POJ2002_Squares (哈希表)

本文出自：blog.csdn.net/svitter

题意

A square is a 4-sided polygon whose sides have equal length and adjacent sides form 90-degree angles. It is also a polygon such that rotating about its centre by 90 degrees gives the same polygon. It is not the only polygon with the latter property, however, as a regular octagon also has this property.
So we all know what a square looks like, but can we find all possible squares that can be formed from a set of stars in a night sky? To make the problem easier, we will assume that the night sky is a 2-dimensional plane, and each star is specified by its x and y coordinates.

一共可以在给出的n个点中找出多少个正方形？

输入输出分析

The input consists of a number of test cases. Each test case starts with the integer n (1 <= n <= 1000) indicating the number of points to follow.
Each of the next n lines specify the x and y coordinates (two integers) of each point.
You may assume that the points are distinct and the magnitudes of the coordinates are less than 20000. The input is terminated when n = 0.

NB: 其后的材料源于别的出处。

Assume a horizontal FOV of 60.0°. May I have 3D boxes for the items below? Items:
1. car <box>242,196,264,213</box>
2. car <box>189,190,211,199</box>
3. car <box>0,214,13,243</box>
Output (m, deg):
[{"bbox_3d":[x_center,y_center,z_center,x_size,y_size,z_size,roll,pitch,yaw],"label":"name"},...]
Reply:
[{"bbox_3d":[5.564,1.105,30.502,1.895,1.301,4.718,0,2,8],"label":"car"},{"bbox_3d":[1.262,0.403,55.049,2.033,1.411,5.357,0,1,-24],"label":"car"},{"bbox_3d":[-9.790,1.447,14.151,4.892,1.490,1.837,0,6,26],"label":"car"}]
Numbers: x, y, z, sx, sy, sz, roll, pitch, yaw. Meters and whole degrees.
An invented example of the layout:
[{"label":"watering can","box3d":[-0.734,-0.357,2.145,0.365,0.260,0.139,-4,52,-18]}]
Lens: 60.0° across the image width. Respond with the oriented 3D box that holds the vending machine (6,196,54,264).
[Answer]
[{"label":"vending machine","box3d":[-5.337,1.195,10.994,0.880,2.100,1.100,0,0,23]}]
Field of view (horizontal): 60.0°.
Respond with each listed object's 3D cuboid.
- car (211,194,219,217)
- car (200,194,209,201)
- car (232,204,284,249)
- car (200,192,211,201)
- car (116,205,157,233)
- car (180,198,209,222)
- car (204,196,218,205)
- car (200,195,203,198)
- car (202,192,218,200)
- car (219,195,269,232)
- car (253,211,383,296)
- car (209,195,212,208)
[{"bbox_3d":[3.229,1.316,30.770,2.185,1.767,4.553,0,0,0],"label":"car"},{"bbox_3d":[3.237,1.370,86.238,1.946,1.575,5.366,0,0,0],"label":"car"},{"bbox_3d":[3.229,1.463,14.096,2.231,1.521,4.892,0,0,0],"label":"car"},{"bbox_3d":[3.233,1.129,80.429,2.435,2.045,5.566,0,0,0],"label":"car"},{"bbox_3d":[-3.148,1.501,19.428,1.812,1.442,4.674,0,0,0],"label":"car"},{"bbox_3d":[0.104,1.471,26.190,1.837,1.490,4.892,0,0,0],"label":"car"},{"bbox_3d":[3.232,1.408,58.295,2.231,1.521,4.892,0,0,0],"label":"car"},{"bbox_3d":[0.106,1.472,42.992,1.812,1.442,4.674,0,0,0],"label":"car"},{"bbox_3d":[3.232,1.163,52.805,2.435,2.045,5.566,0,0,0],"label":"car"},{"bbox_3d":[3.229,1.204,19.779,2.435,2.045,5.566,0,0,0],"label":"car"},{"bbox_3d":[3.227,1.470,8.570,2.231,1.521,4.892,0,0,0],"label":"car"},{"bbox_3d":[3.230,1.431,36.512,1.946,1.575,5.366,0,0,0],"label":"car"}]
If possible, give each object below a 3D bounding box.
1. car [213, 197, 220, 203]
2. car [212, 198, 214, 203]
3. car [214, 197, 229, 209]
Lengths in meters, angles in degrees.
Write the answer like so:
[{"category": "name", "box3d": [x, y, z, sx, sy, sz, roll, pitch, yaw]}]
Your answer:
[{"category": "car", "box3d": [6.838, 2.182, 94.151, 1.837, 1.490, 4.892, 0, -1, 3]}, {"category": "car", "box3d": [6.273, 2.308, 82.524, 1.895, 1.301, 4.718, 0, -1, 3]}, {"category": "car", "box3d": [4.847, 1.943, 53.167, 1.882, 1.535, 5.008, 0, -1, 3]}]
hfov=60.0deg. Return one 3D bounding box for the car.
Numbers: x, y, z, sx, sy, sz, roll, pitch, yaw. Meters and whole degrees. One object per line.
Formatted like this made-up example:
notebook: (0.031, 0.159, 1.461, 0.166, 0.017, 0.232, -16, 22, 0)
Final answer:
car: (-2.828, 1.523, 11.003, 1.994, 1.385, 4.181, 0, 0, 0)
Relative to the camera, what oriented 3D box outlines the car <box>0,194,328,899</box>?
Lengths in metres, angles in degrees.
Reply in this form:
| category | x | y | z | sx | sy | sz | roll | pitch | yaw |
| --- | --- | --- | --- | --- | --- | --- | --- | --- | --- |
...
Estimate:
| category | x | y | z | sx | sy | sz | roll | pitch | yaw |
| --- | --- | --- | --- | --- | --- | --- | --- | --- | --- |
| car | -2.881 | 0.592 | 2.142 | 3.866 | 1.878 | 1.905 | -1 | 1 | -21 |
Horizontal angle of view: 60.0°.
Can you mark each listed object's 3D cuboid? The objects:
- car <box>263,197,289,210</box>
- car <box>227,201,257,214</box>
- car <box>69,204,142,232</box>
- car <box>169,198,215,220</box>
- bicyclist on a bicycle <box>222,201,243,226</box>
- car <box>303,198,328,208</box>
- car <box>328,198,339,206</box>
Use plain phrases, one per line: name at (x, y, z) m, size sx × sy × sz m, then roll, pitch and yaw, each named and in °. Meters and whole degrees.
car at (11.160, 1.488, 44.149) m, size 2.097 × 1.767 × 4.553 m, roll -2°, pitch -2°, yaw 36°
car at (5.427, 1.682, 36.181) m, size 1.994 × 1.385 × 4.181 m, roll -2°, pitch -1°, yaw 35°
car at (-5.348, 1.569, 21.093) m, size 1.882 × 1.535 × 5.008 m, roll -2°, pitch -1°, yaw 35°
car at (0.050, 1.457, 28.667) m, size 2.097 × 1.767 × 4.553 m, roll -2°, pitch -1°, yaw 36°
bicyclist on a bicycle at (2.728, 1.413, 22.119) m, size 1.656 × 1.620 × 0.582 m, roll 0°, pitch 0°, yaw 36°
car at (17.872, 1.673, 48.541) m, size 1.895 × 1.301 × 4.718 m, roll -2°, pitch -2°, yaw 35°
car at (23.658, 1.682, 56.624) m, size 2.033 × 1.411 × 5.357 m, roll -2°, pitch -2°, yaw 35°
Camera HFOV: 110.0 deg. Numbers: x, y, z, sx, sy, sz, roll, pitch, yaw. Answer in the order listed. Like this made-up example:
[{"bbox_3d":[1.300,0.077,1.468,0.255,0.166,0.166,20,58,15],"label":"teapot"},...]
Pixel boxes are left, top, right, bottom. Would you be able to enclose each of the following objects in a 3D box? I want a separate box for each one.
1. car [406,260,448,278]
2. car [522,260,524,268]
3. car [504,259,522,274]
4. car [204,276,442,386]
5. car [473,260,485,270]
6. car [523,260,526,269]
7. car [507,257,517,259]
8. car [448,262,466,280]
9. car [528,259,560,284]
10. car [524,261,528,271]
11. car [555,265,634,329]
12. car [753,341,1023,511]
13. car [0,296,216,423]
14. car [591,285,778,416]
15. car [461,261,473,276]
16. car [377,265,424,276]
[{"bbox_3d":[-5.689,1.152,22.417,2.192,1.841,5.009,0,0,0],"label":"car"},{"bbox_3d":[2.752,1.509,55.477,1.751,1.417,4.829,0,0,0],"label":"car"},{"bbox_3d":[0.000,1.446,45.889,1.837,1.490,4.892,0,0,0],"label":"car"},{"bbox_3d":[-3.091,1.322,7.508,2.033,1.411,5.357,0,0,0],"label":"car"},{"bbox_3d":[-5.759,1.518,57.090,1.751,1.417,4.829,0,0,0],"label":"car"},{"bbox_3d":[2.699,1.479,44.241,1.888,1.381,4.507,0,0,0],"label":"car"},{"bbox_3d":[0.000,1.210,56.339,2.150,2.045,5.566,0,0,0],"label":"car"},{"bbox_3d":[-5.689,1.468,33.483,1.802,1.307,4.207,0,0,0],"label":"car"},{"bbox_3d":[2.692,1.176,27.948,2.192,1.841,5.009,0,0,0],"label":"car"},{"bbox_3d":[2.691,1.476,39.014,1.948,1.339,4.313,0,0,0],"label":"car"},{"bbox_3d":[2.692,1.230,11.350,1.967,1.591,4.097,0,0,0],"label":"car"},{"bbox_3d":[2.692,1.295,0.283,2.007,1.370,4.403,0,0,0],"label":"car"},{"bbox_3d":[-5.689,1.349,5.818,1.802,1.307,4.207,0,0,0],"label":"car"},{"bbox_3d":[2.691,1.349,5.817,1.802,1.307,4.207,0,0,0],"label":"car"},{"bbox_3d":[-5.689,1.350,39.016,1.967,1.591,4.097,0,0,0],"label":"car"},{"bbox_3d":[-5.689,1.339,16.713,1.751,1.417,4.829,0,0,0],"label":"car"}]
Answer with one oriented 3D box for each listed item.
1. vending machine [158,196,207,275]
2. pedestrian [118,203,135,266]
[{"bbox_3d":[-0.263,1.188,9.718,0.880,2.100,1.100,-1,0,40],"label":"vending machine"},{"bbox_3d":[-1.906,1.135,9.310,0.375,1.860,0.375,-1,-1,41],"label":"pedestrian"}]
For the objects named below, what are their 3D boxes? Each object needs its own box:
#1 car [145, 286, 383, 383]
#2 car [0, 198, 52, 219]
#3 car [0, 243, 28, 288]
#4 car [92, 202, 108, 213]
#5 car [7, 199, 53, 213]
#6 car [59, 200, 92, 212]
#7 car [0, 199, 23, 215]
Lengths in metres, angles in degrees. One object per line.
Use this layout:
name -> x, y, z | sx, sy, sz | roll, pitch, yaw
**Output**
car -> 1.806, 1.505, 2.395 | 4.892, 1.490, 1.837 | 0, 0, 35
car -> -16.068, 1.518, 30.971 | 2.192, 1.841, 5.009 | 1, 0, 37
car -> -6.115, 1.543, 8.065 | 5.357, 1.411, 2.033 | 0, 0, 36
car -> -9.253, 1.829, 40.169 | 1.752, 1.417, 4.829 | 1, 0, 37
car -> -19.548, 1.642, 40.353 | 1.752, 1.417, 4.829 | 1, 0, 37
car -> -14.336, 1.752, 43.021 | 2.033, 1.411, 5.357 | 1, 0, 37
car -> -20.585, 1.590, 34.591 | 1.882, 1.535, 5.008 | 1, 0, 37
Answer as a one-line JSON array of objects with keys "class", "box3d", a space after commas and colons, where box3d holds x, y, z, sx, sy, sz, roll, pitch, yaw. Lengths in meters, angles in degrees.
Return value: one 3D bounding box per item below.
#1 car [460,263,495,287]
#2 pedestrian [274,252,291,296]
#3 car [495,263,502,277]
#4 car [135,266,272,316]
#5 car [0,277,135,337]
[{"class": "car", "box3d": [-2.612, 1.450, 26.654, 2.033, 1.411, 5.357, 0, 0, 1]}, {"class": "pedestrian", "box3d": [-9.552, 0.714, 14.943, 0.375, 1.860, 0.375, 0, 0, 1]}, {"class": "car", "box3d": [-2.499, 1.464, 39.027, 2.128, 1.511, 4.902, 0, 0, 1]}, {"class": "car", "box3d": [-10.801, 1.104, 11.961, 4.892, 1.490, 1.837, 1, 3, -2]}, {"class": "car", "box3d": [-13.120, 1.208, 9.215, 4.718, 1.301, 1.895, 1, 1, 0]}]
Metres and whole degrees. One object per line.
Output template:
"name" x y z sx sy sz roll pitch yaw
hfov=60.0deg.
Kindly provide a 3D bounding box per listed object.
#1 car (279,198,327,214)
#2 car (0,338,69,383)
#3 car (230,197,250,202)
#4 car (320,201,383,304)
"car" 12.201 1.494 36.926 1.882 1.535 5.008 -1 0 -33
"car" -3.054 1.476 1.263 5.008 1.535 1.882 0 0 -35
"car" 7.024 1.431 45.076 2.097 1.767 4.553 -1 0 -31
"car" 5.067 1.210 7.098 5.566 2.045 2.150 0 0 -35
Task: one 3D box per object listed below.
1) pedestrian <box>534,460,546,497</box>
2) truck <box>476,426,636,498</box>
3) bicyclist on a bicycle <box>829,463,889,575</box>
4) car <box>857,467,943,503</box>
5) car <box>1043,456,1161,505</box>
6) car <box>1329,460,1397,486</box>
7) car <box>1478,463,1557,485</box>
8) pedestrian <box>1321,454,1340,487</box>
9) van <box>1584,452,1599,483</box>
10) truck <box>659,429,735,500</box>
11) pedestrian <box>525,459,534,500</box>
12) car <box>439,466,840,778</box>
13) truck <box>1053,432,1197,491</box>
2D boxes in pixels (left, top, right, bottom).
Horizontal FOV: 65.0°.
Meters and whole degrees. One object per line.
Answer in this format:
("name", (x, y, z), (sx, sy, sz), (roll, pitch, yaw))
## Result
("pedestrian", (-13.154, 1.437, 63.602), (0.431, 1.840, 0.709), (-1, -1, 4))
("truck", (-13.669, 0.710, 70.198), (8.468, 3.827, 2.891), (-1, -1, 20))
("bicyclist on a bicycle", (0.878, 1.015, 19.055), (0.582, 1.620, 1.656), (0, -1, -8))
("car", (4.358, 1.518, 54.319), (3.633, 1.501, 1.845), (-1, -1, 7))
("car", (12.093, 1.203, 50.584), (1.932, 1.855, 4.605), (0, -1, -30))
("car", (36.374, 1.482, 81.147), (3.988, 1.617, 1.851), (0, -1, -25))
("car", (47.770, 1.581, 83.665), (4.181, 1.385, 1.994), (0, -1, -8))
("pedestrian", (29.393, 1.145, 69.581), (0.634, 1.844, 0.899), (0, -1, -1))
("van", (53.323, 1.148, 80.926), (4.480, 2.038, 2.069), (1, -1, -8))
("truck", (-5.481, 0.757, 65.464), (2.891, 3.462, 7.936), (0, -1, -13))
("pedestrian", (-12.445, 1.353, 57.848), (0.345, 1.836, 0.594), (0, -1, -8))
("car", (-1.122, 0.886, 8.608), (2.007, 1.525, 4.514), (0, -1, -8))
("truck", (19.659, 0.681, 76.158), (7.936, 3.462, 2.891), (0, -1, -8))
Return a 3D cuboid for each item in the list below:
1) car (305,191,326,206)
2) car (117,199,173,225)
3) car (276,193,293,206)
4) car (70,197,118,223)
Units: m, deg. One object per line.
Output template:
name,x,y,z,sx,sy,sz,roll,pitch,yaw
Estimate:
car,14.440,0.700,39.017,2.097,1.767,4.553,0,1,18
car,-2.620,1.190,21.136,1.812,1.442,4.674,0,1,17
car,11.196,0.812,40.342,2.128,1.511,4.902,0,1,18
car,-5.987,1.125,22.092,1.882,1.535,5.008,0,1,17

有多组测试数据，每一个测试数据n开始，n <1000说明最多有1000个点。坐标系的横纵坐标不会超过20000, 以n=0结束

算法数据结构分析

本题目用哈希表+简单的分析做～

给出4个点，如果四重循环N**4必然超时，那么枚举两个点来计算出对应的两个点，计算对应点是否存在



计算方法见

getPoint()

函数

计算定应点是否存在的最快速度就是使用hash来查找。把（x+y）mod m，即取余法。最多有1000个点，所以哈希表1000个slot足够。
保险起见，开1010，M取质数1009。

使用拉链法解决冲突，开一个next数组，来保存下标i对应到hash表上，因为最多1000个节点，最糟糕的情况下需要999个卫星表， 所以next数组开·1010即可。

AC代码：

//author: svtter
//

#include <iostream>
#include <stdio.h>
#include <string.h>
#include <vector>
#include <map>
#include <algorithm>
#include <queue>
#include <cmath>

#define INF 0xffffff
#define lln long long

#ifdef ONLINE_JUDGE
#define FOI(file) 0
#define FOW(file) 0
#else
#define FOI(file) freopen(file,"r",stdin);
#define FOW(file) freopen(file,"w",stdout);
#endif

using namespace std;

#define MAXN 1010
#define MOD 1009
struct node
{
int x, y;
bool operator == (const node &a)const
{
return (x == a.x && y == a.y);
}
bool operator < (const node &a)const
{
if(x!=a.x)
return x <a.x;
return y < a.y;
}
};
node point[MAXN];
int hash[MAXN+1], next[MAXN];

int n;

node c, d;
void getPoint(node &a, node &b)
{
c.x = b.x + (b.y - a.y);
c.y = b.y - (b.x - a.x);
d.x = a.x + (b.y - a.y);
d.y = a.y - (b.x -a.x);
}

int getHash(node &a)
{
return abs(a.x+ a.y) % MOD;
}

void insertHash(int i)
{
//头插入，拉链法
int key = getHash(point[i]);
next[i] = hash[key];
hash[key] = i;
}

bool search(node &t)
{
int key = getHash(t);
int i = hash[key];
while(i != -1)
{
if(point[i] == t)
return true;
i = next[i];
}
return false;
}

int main()
{
FOI("input");
//FOW(output);

int i, j;
int ans;
//write your programme here
while(~scanf("%d", &n))
{
if(n == 0)
break;
memset(hash , -1 ,sizeof(hash));
memset(next , -1, sizeof(next));
for(i = 0; i < n; i++)
scanf("%d%d", &point[i].x, &point[i].y);
sort(point ,point+n);
//puts("input over.");

for(i = 0; i < n; i++)
insertHash(i);
//puts("build hash over.");

ans = 0;
for(i = 0; i < n; i++)
{
for(j = i+1; j < n; j++)
{
getPoint(point[i], point[j]);
if(search(c) && search(d))
ans++;
}
}

printf("%d\n", ans/2);
}

return 0;
}